### THE INPUT ###

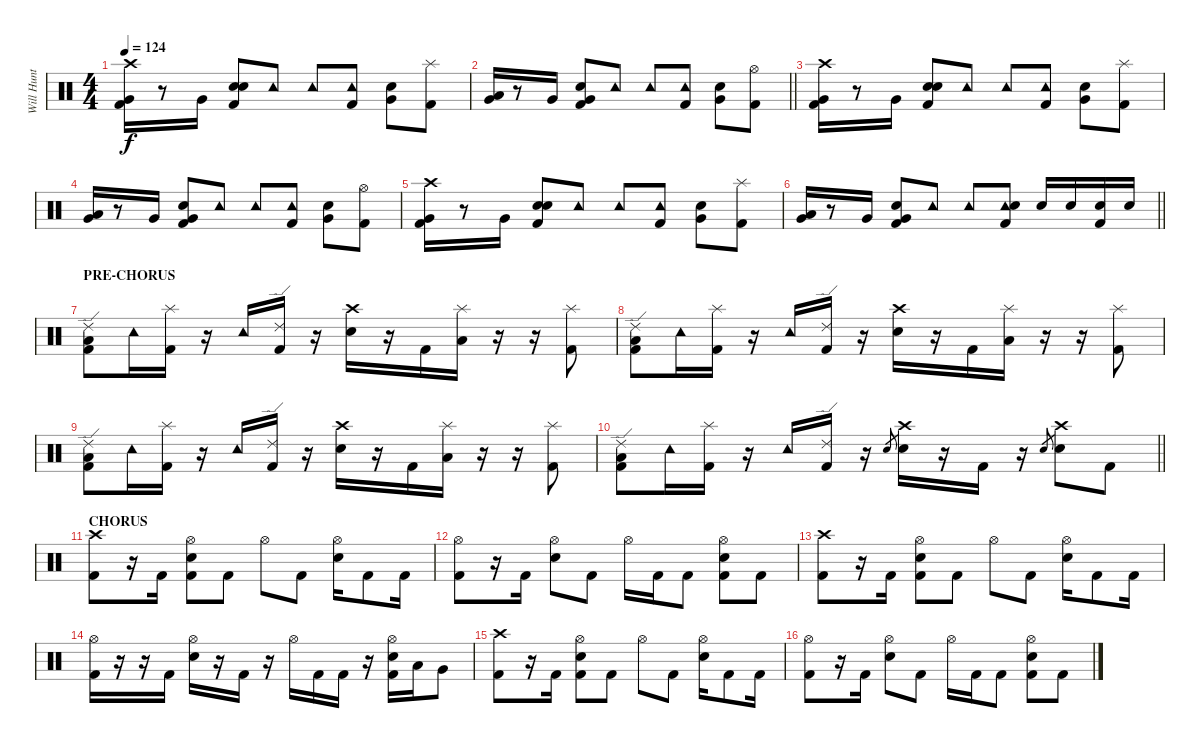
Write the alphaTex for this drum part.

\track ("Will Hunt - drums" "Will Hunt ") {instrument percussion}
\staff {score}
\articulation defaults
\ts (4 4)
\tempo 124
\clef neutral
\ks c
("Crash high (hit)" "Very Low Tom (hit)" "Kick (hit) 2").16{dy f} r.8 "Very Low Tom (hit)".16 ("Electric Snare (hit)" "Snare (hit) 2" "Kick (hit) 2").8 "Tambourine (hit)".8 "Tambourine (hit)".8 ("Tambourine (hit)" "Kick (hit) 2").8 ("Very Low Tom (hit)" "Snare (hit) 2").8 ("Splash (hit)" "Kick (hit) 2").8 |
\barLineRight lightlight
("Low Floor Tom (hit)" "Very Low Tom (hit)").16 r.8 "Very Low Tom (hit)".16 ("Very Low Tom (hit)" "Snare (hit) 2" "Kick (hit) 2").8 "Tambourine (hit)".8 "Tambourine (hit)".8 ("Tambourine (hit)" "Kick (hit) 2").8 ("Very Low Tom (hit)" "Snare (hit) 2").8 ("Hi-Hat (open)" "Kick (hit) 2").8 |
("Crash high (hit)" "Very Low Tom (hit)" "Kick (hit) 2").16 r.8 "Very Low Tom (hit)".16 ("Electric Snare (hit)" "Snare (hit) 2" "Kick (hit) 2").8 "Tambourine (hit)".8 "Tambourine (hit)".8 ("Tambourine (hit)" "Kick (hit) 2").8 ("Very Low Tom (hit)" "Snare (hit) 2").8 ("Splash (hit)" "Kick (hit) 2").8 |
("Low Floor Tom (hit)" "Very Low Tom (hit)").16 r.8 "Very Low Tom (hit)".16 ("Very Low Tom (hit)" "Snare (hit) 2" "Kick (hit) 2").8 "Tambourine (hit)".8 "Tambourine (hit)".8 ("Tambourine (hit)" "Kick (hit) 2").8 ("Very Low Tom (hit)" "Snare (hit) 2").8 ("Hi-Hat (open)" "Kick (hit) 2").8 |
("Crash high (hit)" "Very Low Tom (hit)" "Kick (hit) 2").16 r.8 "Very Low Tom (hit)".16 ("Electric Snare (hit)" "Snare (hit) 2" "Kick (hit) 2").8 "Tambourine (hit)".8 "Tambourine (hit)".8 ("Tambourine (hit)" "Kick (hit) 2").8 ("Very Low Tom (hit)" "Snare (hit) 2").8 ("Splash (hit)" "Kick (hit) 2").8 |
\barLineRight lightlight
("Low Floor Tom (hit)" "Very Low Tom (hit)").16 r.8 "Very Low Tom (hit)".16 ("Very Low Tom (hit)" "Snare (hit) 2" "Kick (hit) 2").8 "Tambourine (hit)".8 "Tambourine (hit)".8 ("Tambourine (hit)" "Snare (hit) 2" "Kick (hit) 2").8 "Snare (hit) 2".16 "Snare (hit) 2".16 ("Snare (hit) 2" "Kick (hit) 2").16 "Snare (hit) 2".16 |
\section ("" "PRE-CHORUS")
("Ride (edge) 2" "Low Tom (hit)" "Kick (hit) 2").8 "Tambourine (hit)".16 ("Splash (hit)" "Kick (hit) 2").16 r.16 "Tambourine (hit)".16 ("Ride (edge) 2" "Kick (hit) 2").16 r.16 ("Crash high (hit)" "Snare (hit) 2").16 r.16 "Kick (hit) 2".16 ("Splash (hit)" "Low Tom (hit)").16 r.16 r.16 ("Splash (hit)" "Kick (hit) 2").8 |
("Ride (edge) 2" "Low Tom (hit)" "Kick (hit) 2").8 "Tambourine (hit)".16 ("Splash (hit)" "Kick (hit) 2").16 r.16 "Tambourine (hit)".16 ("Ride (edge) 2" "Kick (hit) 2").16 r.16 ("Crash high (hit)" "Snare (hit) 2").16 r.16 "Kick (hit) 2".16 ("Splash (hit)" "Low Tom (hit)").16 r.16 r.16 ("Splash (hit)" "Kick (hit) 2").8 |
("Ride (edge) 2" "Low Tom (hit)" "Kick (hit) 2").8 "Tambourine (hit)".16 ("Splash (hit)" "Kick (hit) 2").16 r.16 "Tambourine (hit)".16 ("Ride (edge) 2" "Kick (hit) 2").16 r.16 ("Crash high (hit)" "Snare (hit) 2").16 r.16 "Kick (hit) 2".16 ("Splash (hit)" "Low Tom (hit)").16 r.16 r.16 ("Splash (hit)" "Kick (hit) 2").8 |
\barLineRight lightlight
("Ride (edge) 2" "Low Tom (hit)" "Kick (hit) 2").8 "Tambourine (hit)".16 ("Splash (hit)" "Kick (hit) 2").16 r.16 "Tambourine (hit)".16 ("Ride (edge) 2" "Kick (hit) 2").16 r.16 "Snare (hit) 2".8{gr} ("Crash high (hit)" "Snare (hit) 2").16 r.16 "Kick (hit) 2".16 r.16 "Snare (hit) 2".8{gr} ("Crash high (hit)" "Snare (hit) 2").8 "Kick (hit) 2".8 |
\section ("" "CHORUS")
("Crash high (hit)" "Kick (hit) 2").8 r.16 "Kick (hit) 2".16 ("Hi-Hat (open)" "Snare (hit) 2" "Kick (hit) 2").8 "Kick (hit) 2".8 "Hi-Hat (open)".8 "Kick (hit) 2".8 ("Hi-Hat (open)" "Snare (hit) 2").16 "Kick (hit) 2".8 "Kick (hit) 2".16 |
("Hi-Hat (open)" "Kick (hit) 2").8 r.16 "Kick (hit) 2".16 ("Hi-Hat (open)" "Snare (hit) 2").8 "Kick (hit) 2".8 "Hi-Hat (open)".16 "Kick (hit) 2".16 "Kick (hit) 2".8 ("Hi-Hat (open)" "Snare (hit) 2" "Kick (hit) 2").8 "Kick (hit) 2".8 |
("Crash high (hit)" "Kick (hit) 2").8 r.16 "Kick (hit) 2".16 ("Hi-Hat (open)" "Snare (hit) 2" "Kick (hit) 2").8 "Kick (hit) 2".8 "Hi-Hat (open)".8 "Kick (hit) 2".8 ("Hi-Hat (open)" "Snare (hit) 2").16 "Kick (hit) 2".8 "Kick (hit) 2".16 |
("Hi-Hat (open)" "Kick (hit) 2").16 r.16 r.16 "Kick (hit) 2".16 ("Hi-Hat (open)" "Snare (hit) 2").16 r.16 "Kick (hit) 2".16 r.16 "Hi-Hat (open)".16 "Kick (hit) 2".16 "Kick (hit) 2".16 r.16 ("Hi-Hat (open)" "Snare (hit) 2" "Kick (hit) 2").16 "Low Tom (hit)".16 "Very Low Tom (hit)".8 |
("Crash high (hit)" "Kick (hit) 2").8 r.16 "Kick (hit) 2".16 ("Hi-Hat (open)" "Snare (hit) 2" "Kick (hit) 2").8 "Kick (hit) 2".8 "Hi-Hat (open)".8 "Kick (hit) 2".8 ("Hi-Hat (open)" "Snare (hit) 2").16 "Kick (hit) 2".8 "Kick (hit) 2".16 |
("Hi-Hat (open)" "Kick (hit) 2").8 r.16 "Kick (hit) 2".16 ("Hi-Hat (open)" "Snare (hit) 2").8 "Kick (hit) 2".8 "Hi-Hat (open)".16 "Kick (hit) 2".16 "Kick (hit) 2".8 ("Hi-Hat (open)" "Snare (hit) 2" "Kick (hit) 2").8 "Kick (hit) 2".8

###
### THE INPUT ###

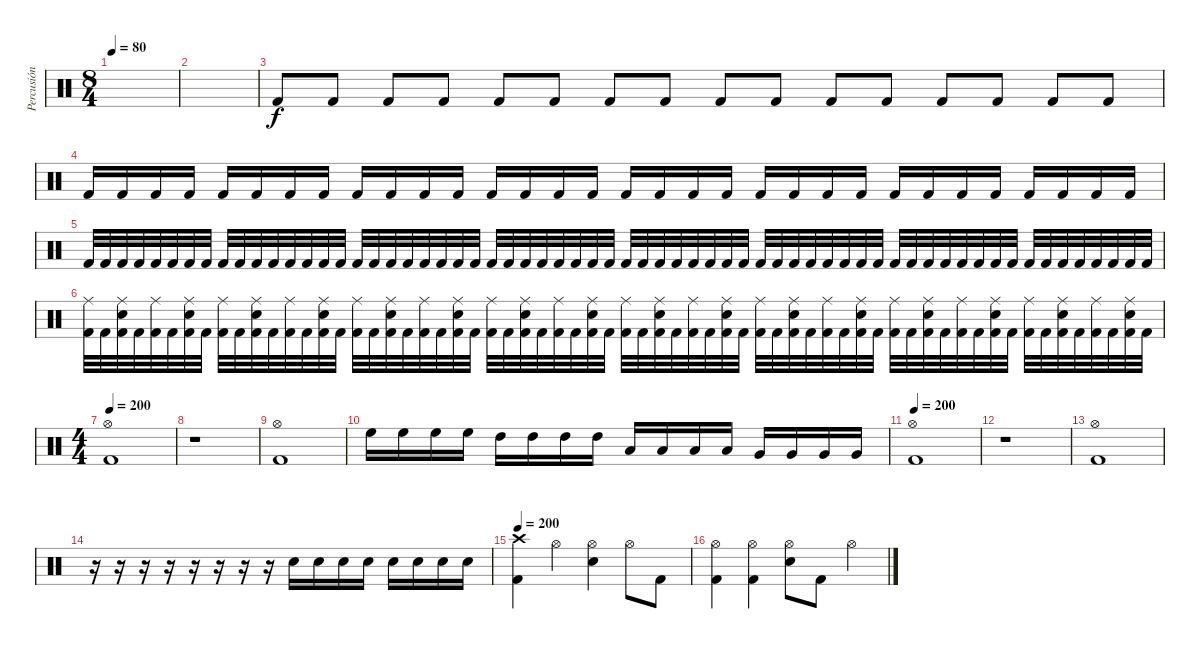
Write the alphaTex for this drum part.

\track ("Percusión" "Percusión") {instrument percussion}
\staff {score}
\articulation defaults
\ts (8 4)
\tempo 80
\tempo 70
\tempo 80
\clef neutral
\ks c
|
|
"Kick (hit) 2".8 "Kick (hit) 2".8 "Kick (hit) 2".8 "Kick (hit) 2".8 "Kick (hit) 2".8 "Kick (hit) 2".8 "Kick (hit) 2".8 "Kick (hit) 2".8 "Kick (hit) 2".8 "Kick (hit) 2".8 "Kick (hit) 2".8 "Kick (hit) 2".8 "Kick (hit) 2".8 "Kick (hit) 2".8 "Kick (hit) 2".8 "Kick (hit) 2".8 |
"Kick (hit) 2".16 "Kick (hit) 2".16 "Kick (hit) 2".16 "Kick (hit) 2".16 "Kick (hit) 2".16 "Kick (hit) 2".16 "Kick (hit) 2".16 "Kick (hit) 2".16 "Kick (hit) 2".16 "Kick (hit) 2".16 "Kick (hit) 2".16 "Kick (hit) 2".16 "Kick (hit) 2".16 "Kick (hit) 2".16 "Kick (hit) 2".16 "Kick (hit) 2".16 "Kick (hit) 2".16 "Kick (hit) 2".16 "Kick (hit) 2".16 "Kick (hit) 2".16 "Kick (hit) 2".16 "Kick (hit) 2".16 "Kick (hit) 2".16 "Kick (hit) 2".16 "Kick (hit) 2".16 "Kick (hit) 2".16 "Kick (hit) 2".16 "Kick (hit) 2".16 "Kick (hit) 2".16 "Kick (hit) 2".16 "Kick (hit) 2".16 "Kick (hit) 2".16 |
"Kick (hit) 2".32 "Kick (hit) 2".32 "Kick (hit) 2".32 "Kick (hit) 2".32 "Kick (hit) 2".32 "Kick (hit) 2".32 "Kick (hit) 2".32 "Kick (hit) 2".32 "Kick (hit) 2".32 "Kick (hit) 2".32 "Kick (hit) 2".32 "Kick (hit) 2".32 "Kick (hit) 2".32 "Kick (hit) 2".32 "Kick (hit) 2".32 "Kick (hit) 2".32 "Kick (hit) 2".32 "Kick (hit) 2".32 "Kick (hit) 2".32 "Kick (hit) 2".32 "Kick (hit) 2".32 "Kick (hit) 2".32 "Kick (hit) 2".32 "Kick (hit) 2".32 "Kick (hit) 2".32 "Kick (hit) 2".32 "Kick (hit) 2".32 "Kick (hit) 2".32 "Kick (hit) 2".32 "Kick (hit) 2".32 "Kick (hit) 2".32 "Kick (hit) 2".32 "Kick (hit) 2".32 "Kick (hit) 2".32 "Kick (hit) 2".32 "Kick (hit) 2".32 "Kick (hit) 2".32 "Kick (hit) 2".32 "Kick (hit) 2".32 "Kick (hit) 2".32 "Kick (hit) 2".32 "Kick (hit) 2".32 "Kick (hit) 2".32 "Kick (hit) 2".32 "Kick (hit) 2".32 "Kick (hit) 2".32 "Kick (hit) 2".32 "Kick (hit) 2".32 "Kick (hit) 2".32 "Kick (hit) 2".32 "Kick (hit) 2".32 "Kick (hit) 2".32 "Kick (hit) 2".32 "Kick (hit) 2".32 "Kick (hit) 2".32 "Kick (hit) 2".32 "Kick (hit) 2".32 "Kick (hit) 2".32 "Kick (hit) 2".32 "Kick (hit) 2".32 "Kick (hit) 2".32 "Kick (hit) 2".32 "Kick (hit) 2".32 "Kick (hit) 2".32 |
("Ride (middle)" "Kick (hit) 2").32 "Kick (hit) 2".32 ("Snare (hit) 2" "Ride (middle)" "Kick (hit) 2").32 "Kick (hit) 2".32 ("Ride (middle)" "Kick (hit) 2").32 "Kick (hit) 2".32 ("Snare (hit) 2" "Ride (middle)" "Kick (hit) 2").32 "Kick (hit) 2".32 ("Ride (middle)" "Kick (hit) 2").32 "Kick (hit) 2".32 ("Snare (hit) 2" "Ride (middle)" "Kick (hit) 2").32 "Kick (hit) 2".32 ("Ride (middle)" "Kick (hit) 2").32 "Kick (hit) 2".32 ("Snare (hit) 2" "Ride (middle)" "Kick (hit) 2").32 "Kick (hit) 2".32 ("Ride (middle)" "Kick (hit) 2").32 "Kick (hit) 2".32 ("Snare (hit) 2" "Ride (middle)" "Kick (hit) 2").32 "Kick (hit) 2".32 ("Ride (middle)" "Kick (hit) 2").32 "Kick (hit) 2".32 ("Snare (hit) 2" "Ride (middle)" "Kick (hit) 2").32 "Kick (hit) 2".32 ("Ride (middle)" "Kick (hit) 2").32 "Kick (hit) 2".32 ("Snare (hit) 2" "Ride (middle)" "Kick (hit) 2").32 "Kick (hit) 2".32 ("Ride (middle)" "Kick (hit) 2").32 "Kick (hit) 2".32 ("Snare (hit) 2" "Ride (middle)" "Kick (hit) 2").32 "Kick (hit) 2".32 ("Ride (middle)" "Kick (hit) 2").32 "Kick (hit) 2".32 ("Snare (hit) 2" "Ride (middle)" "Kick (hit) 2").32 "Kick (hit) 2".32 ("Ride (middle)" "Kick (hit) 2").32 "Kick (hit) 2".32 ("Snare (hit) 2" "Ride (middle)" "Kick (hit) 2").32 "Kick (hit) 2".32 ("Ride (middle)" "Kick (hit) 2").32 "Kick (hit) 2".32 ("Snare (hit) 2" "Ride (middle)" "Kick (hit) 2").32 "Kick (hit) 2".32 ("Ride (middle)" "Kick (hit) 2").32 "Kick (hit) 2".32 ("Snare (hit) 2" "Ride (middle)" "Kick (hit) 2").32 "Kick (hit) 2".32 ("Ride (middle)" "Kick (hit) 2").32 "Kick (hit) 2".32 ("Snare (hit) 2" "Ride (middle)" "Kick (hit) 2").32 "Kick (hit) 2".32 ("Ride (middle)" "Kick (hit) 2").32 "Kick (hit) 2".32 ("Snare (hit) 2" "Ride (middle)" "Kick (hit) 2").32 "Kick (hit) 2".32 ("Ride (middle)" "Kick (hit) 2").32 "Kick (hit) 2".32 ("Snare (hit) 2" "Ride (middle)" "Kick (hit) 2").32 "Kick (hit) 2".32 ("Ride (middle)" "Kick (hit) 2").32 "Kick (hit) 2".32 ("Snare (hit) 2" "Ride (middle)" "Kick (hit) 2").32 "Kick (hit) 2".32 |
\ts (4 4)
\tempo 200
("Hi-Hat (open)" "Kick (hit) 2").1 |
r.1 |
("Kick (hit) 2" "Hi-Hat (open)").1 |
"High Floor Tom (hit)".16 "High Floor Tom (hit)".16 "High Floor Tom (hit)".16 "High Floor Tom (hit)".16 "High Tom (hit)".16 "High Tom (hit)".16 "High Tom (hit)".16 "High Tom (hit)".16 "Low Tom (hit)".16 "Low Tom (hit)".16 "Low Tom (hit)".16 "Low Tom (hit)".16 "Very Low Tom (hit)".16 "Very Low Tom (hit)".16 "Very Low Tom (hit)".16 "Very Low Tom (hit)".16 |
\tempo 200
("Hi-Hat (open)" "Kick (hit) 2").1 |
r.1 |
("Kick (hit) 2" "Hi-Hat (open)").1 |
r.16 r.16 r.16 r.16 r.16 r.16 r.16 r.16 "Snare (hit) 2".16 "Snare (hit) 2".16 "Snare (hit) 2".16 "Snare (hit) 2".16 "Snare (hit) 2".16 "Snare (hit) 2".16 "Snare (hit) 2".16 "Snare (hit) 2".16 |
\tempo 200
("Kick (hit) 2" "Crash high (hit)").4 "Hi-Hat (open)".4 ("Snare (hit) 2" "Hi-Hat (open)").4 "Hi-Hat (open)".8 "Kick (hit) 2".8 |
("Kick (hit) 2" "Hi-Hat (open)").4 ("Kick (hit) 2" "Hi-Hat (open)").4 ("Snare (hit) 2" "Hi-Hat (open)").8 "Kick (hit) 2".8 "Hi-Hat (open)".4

###

_WHAT THE TASK REQUIRES_: How many lines in the records contain the string "percussion"? Give the number by itself.

_THE ANSWER_: 2